朱安身总算是把自己跑得汗流浃背双腿绵软了。
这是他一贯的伎俩,每当在生活中遇到过不去的坎,他都会找个没人的地方疯跑那么一通。可一旦停下来,大口大口喘气的间隙,那些漫漶如潮的思绪,又将他扯进一种无法摆脱的烦扰之中。他使劲抽了自己两个嘴巴,脸颊的痛感并不明显,倒是沾了一手的湿汗,汗液带着秋天早晨特有的清凉,他就拿手背来回抹着自己的额头,一股凉风当头吹来,他禁不住打了个响亮的喷嚏。

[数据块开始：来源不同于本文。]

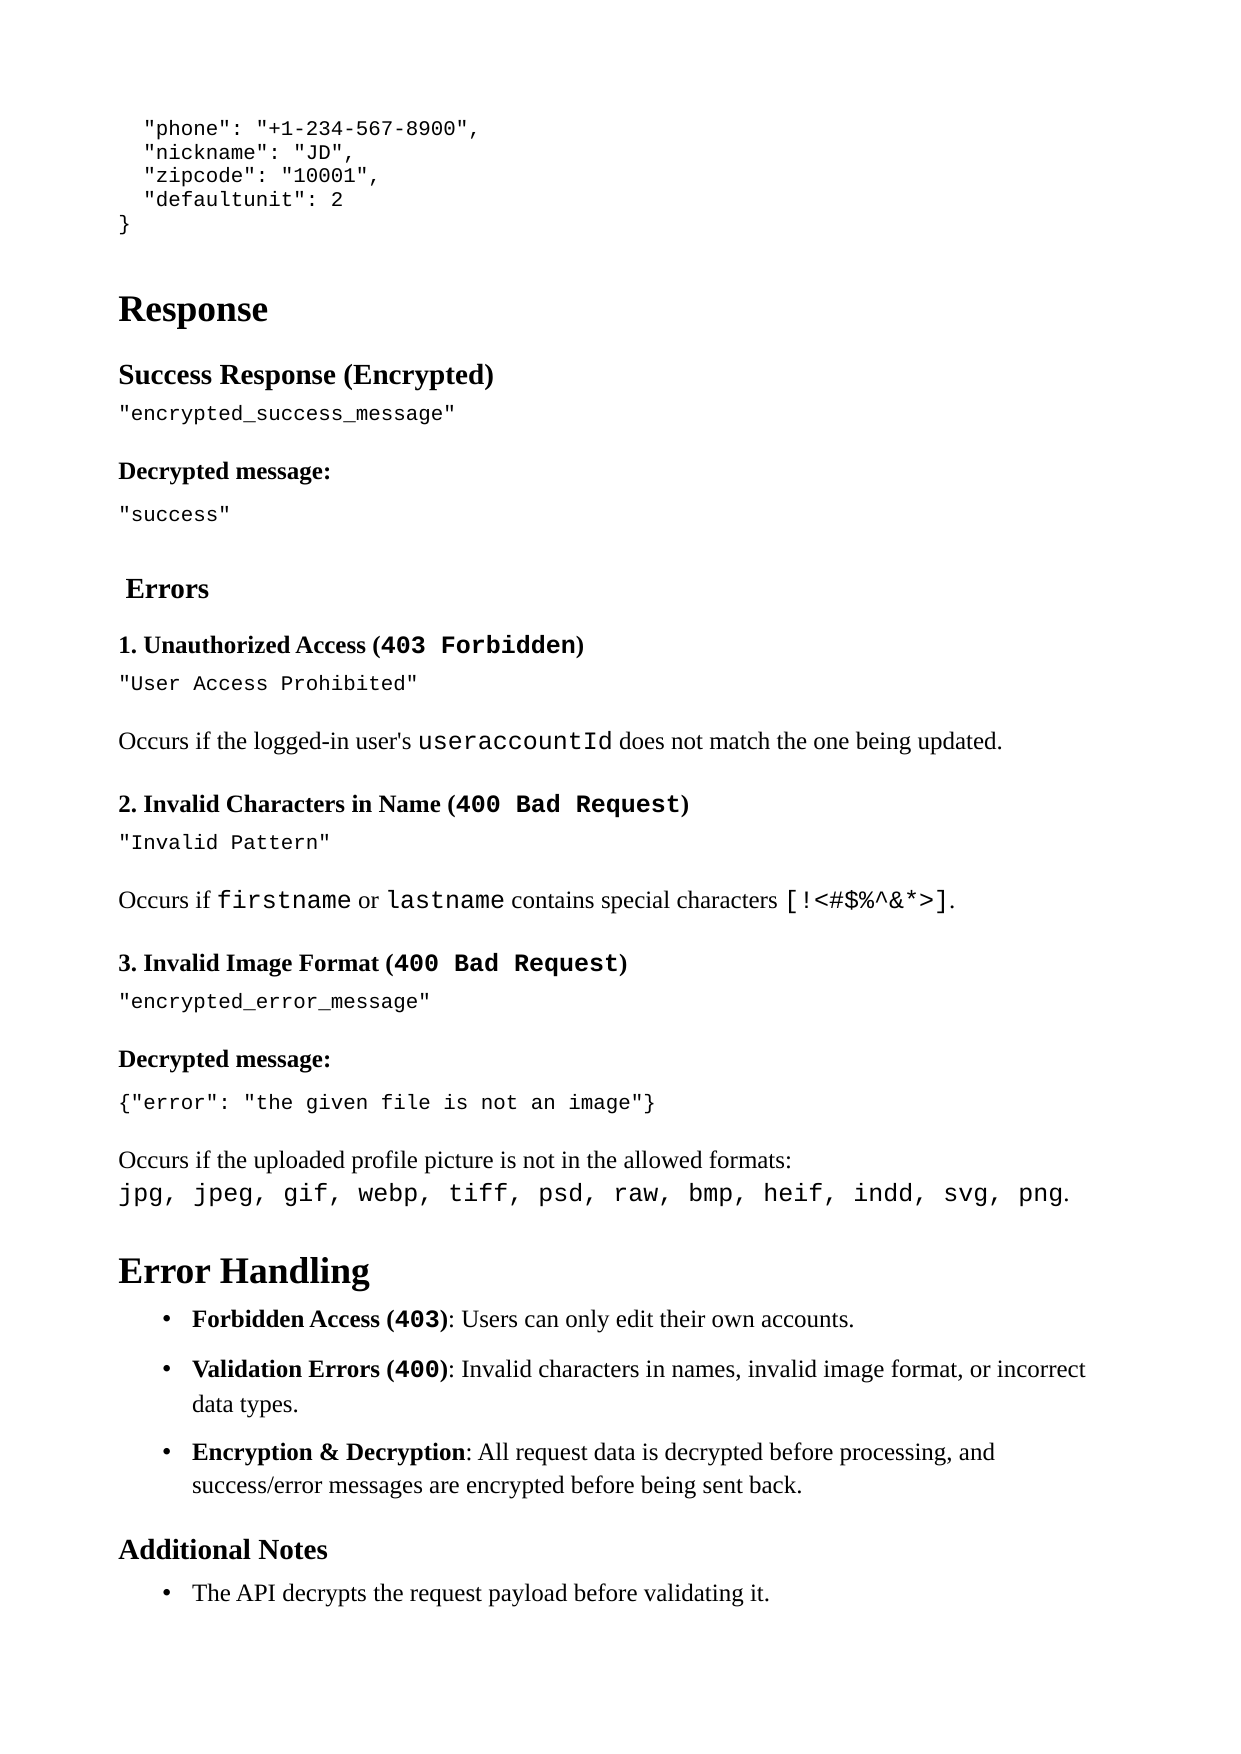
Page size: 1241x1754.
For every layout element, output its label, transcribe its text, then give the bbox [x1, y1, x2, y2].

text Decrypted message: [118, 1044, 1122, 1073]
text "Invalid Pattern" [118, 832, 1122, 856]
list Forbidden Access (403): Users can only edit their own accounts. [162, 1304, 1122, 1335]
text "nickname": "JD", [118, 142, 1122, 165]
text "zipcode": "10001", [118, 165, 1122, 189]
text "encrypted_success_message" [118, 403, 1122, 427]
subtitle 1. Unauthorized Access (403 Forbidden) [118, 630, 1122, 661]
text "User Access Prohibited" [118, 673, 1122, 697]
text } [118, 213, 1122, 236]
text "phone": "+1-234-567-8900", [118, 118, 1122, 142]
list The API decrypts the request payload before validating it. [162, 1578, 1122, 1607]
subtitle Additional Notes [118, 1532, 1122, 1566]
text {"error": "the given file is not an image"} [118, 1092, 1122, 1116]
text Decrypted message: [118, 456, 1122, 485]
text "defaultunit": 2 [118, 189, 1122, 213]
text "encrypted_error_message" [118, 991, 1122, 1015]
subtitle Response [118, 287, 1122, 330]
subtitle Success Response (Encrypted) [118, 357, 1122, 390]
subtitle 2. Invalid Characters in Name (400 Bad Request) [118, 789, 1122, 820]
subtitle Error Handling [118, 1249, 1122, 1292]
subtitle 3. Invalid Image Format (400 Bad Request) [118, 948, 1122, 979]
text Occurs if the uploaded profile picture is not in the allowed formats: jpg, jpeg, gif, webp, tiff, psd, raw, bmp, heif, indd, svg, png. [118, 1145, 1122, 1209]
list Validation Errors (400): Invalid characters in names, invalid image format, or incorrect data types. [162, 1354, 1122, 1418]
text "success" [118, 504, 1122, 527]
subtitle Errors [118, 571, 1122, 605]
text Occurs if firstname or lastname contains special characters [!<#$%^&*>]. [118, 885, 1122, 916]
list Encryption & Decryption: All request data is decrypted before processing, and success/error messages are encrypted before being sent back. [162, 1437, 1122, 1499]
text Occurs if the logged-in user's useraccountId does not match the one being updated. [118, 726, 1122, 757]
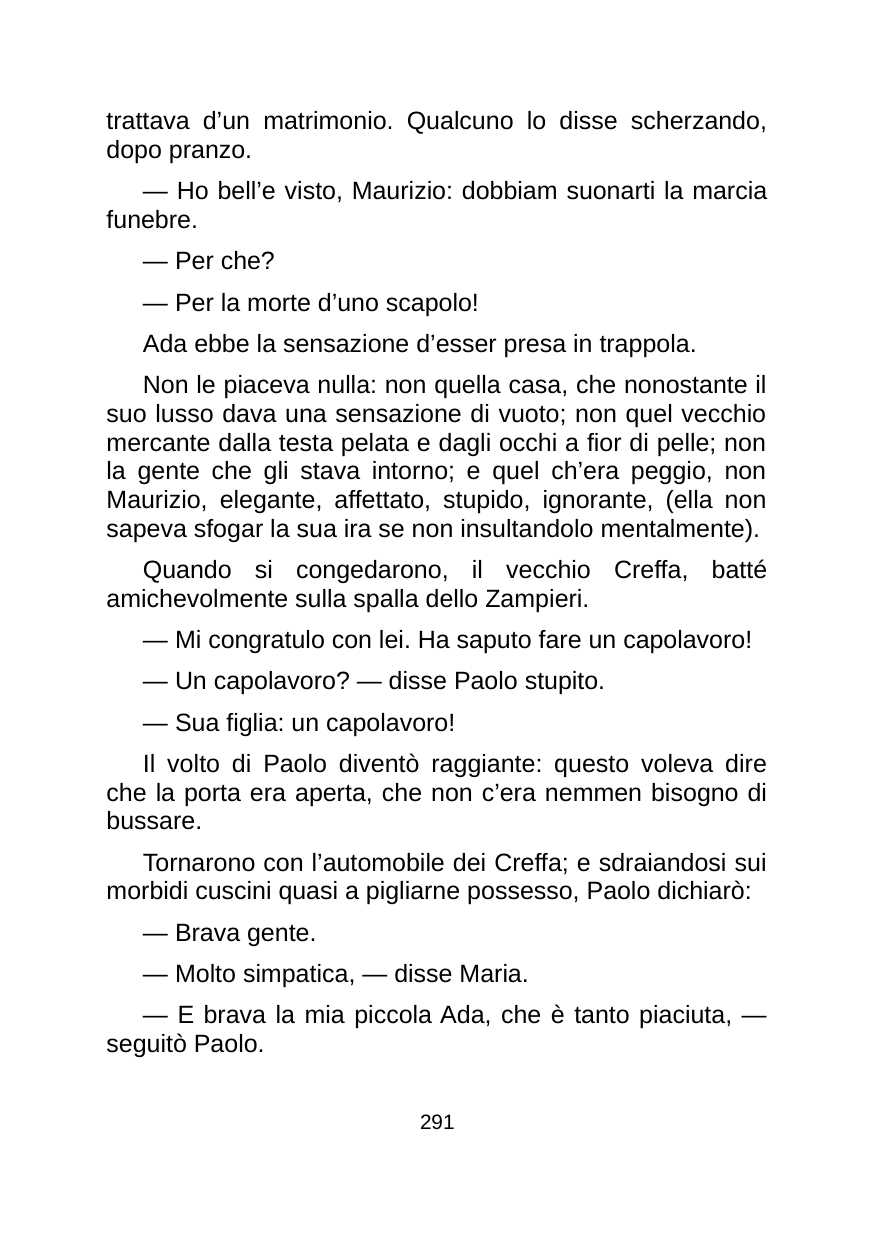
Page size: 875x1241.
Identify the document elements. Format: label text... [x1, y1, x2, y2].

text — Mi congratulo con lei. Ha saputo fare un capolavoro! [106, 625, 768, 654]
text — Per la morte d’uno scapolo! [106, 287, 768, 316]
text — Ho bell’e visto, Maurizio: dobbiam suonarti la marcia funebre. [106, 176, 768, 234]
text Il volto di Paolo diventò raggiante: questo voleva dire che la porta era aperta, che non c’era nemmen bisogno di bussare. [106, 749, 768, 835]
text — Sua figlia: un capolavoro! [106, 707, 768, 736]
text — Un capolavoro? — disse Paolo stupito. [106, 666, 768, 695]
text Non le piaceva nulla: non quella casa, che nonostante il suo lusso dava una sensazione di vuoto; non quel vecchio mercante dalla testa pelata e dagli occhi a fior di pelle; non la gente che gli stava intorno; e quel ch’era peggio, non Maurizio, elegante, affettato, stupido, ignorante, (ella non sapeva sfogar la sua ira se non insultandolo mentalmente). [106, 370, 768, 542]
text Quando si congedarono, il vecchio Creffa, batté amichevolmente sulla spalla dello Zampieri. [106, 555, 768, 612]
text — Molto simpatica, — disse Maria. [106, 959, 768, 987]
text — E brava la mia piccola Ada, che è tanto piaciuta, — seguitò Paolo. [106, 1000, 768, 1057]
text Tornarono con l’automobile dei Creffa; e sdraiandosi sui morbidi cuscini quasi a pigliarne possesso, Paolo dichiarò: [106, 847, 768, 905]
text — Per che? [106, 246, 768, 275]
text — Brava gente. [106, 917, 768, 946]
text trattava d’un matrimonio. Qualcuno lo disse scherzando, dopo pranzo. [106, 106, 768, 164]
text Ada ebbe la sensazione d’esser presa in trappola. [106, 329, 768, 357]

现在正是秋高气爽的时节,天空蓝得有些忧郁了,偶尔掠过一群灰头土脸的麻雀,它们的翅膀几乎一动不动,只是发出那种很闹的聒噪声,他下意识地朝家的方向望着,一时间竟不知该不该回去。
他发现自己犯了一个天大的错误,而且,这错误看来已经无法弥补了。他亲手把自己拴在了那该死的套上,他成了一头盲目拉磨的青驴,只能顺着昏暗的磨道,一圈一圈愚蠢地往下走了。这荒唐透顶的点子,到底是怎么从脑壳里蹦出来的,他现在一点儿也记不清了,反正昨天下午,他确确实实把那个跟自己八竿子都打不着的野女人领回家来,而且,还装模作样地把她介绍给父母,说是他在城里找的对象。现在,一家老小都忙得不亦乐乎,他们并没看出什么破绽,相反一个个都好像很喜欢那个叫马娜的女人,他对这种莫名的操办自然是极力反对的,可母亲却板起脸跟他说,这事可不能再由着你的性子,咱们该走的程序一定要走,再说,你爸那病也不是一天两天了,兴许趁着这回家里热闹热闹,还能给他冲冲喜呢。姐姐们也都站在母亲的立场上,轮着番儿,好说歹劝,意思是他确实老大不小了,该尽早把婚事定下来,省得家里人着急。她们还一个劲质疑他,安子,你到底犹豫个啥呢,人家姑娘长得那么俊,哪点配不上你,你说啊,你说啊?他一下子就被堵到南墙上,没有退身步可走,他自然是没勇气揭穿自己编造的谎言,那样就等于是往爹娘亲人心口上捅刀子,他们含辛茹苦省吃俭用把他供养成一个大学生,一个有固定工作的城里人,他至今也没有什么可以报答老人的,他原以为用这个善良的谎言,至少可以让弥留之际的老父亲不那么遗憾,不想却弄巧成拙,让自己骑虎难下了。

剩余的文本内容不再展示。